Yevgeny Prigozhin has been walking on the edge of a knife for months. Now he dropped the dice. Once Caesar crossed the Rubicon, there was no turning back for him. He marched on Rome. Now Prigozhin is marching on Moscow. There will be no turning back for him either.

The leader of the Wagner mercenaries puts everything on one card in a desperate attempt to save his life. De facto, Prigozhin had the choice of either waiting for his death or, in a final act of rebellion, making a exit with loud fanfares. He chose the latter – and seeks revenge on his old master.

Everything that Prigozhin is and has he owes to one man: Vladimir Putin. Its billions, its power, its so-called private army – which has never been one, but always took orders from the Kremlin. And Prigozhin served his master faithfully for many years, doing his dirty work all over the world – until the servant was no longer content to live in the shadows.

Prigozhin wanted more, much more: recognition, fame, prestige and executive power.
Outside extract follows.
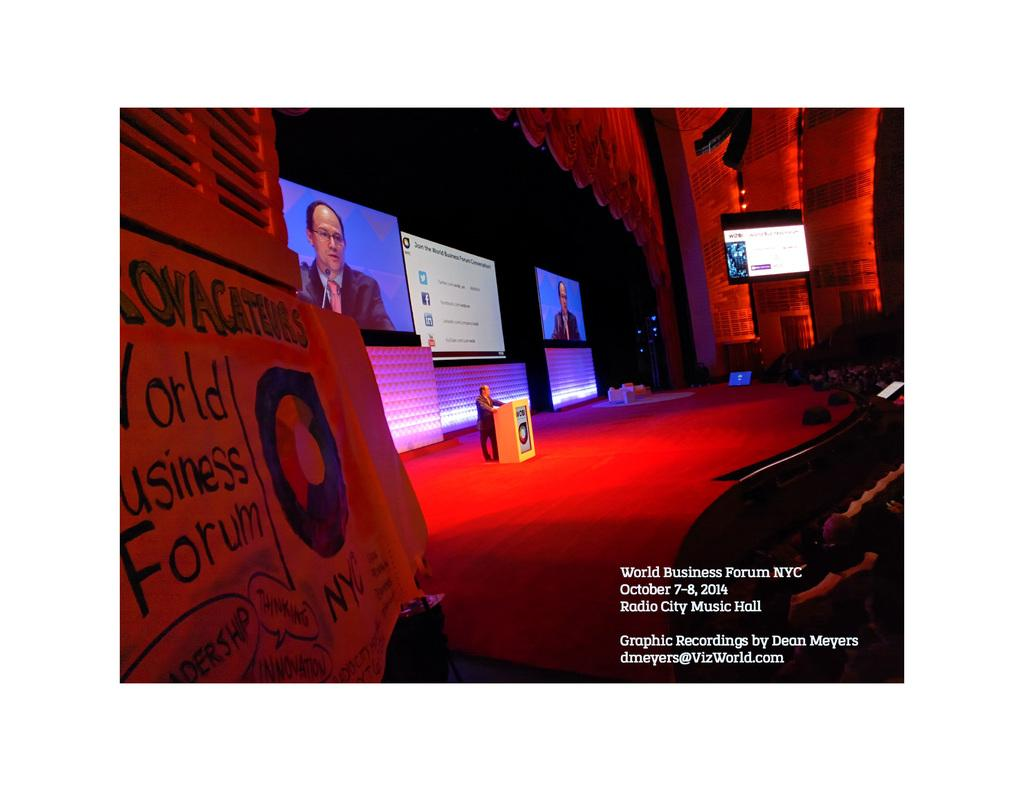Where was the image taken? The image was taken in an auditorium. What can be seen on the left side of the image? There is a banner on the left side of the image. What is the main feature of the auditorium? There is a stage in the image. What is located on the stage? There is a podium in the image. Who is present in the image? There is a man in the image. What is used for displaying information or visuals in the auditorium? There are screens in the image. What type of lighting is present in the image? There is a red light in the image. What type of comb is the man using in the image? There is no comb present in the image. What type of potato is being served on the stage in the image? There is no potato present in the image. What type of badge is the man wearing in the image? There is no badge visible on the man in the image.

Prigozhin wanted to see fear in the eyes of the Russian military, who had always despised him. But Putin sided with the military in the power struggle between the Russian armed forces and Prigozhin.

His order for Wagner’s troops to submit to the Ministry of Defense was tantamount to a death sentence for Prigozhin. Who is Prigozhin without his fighters? A nobody. Who would soon have met the same end as the numerous separatist leaders for whom Putin no longer had any use. They died in weird car accidents, were shot in the head, or, as they say in Russia, accidentally fell out of a window.

Prigozhin knows only too well what is in store for him. He himself will have pushed one or the other man who has become unlovable out of the window. And so he prefers to go with a big bang. But desperation breeds danger. How dangerous, Putin himself demonstrated when he addressed the Russian nation on Saturday morning. Putin can already smell the smoke from Rostov in Moscow.